And I just knew, God was answering my prayer.... Faith to trust what He says.  The hard to understand.  The mysterious.  It's a gift.

This blog post has been on my heart all week, along with another one... and given how this all just happened, I need to combine them.  So here is the other one...

Yesterday I went to a funeral.  I didn't know the girl well, although I did go to beauty school with her and I remember her coming to the benefit concert my family had for my uncle Dale & Rachel while I was pregnant with my girl.  I remember her telling me she read my blog and encouraging me in my journey...But I wasn't friends with her.  My family grew up with hers and so I went to be there for her parents, really.  She was only 32 and left behind 3 little kids after a long and brave battle with cancer.  It said in her obituary that she wanted people to wear bright colors - or her favorite purple - to her service. 

I pulled up on the side of the road in my purple sweater and I watched as people flooded the streets in Hawaiian print and purple clothes.  My eyes filled with tears and the post that's been on my heart came back to me....

What am I grieving?

I'm not grieving my daughter, sister, mother, friend.  So why am I sad?  Why does this hurt?

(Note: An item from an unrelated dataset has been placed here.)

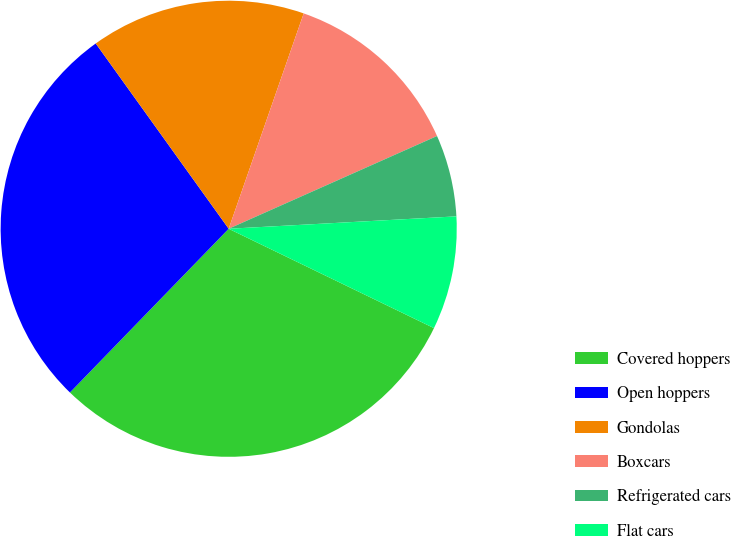Convert chart. <chart><loc_0><loc_0><loc_500><loc_500><pie_chart><fcel>Covered hoppers<fcel>Open hoppers<fcel>Gondolas<fcel>Boxcars<fcel>Refrigerated cars<fcel>Flat cars<nl><fcel>30.08%<fcel>27.84%<fcel>15.24%<fcel>13.0%<fcel>5.8%<fcel>8.04%<nl></chart>

I walked through the building, watched slideshows of her growing up and of her with her kids.  I watched her kids walk around and everyone watching them with sad eyes.  I looked a her photos.  I hugged her family and friends.  I tucked her picture away in my bag along with a purple Lyndt chocolate.  And as I passed a little room on the right, I looked in to see shelves covered with little boxes - and above them on the wall the words: 

"Permanent Memorials"

I looked at the different sizes, colors, choices....I thought about the moment you have to decide on which one for the one you love.  I remembered the day I went to look at baby caskets.  I wondered if I should have had Rachel cremated so I could bring her everywhere with me.

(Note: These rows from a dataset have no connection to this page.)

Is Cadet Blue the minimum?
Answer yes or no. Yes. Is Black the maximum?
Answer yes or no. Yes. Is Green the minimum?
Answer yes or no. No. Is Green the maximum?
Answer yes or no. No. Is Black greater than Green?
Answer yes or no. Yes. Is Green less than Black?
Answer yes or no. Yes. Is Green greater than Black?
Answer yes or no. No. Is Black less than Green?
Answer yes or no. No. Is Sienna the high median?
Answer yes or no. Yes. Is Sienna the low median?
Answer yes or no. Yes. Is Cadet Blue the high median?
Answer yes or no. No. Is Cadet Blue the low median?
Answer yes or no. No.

My heart sunk into my stomach.

I thought about how many people came to Rachel's service that didn't know her.  I was the only one who really did know her.  They weren't her mother, sister, daughter, friend.... but they were crying.  They had their own grieving process, and I'll admit some people closest dramatically misplaced their grief and foolishly thought they were having the same experience as me...  but I'll never deny that they too had to process what was happening. 

Because old people are "supposed to" go first.  Mother's shouldn't have to bury their children.  Whether they are 43 minutes old or 43 years old.  And it dawned on me that I think when things happen out of the natural order, we grieve something more.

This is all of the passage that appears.